Recently, I wrote a short report about graphs and matrices for an assignment in my linear algebra class. So I thought I would write it here on my blog as well. I thought just uploading the pdf, but its written in Korean so here we go.
Graphs and Adjacency Matrix
A graph consists of multiple points called a vertex and edges that connect two vertices. When two vertices are connected, we call these two adjacent. It is not necessary for an edge to connect two different vertices. Also, the same two vertices can be connected by more than one edge, but for the sake of simplicity, let’s assume this is not the case.

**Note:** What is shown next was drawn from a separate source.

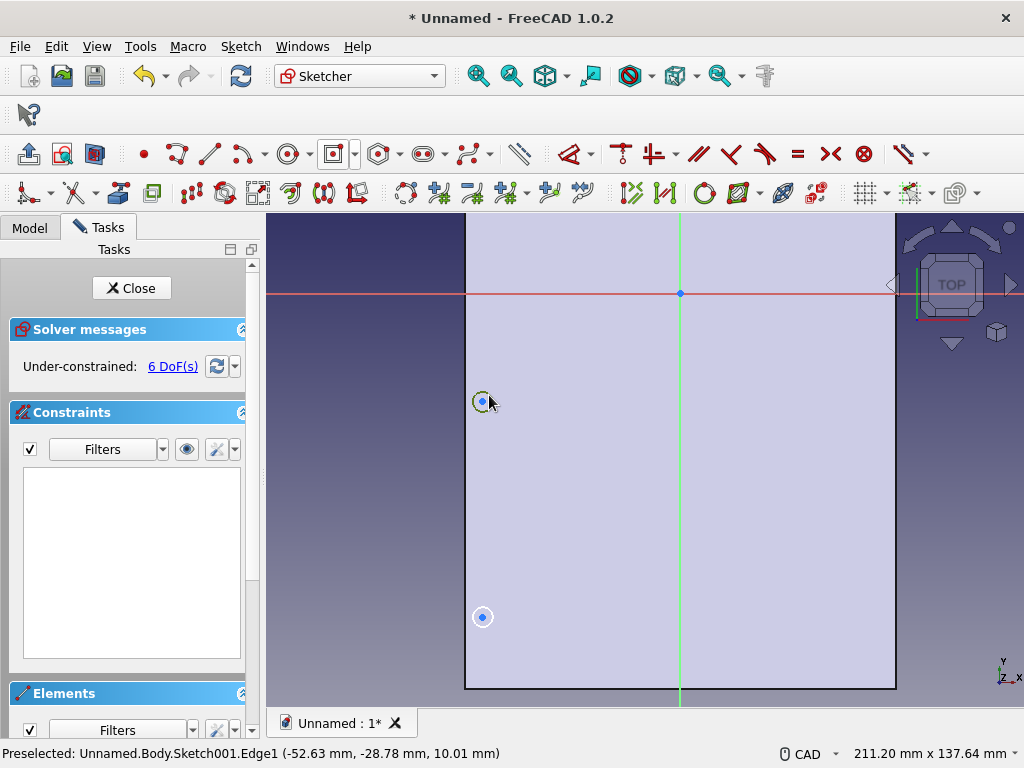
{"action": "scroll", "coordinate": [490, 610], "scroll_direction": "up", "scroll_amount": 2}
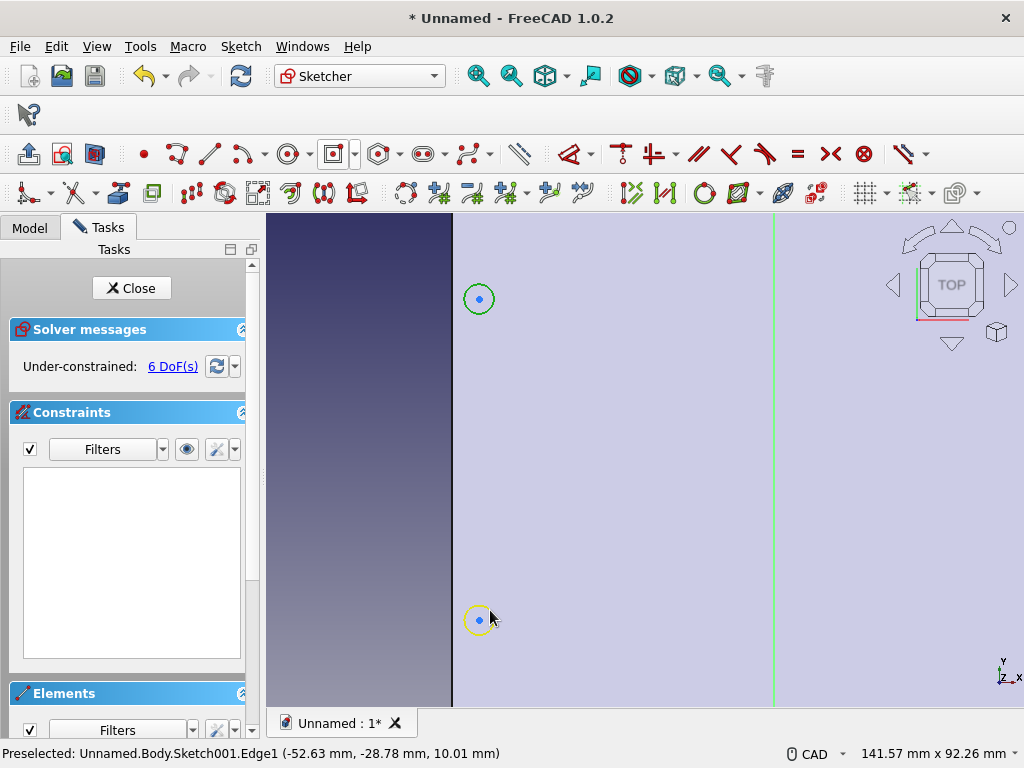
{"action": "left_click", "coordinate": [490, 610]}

A graph can be represented as a matrix, and operations on this matrix can tell us a few things about the graph. A graph can be represented as a matrix in the following way:
Let $G$ be a graph with $n$ vertices. Then the adjacency matrix of $G$ is a $n \times n$ matrix $A$ where
\[a_{ij} = \begin{cases} 1 &\text{$i$ and $j$ are adjacent}\\ 0 &\text{otherwise} \end{cases}\]is true.
The following matrix is the adjacency matrix $A$ of the graph in the image above.
\[A = \begin{bmatrix} 0 & 1 & 1 & 1\\ 1 & 1 & 1 & 0\\ 1 & 1 & 0 & 0\\ 1 & 0 & 0 & 0 \end{bmatrix}\]The adjacency matrix of a graph has an interesting property. Consider the following matrix $A^2$.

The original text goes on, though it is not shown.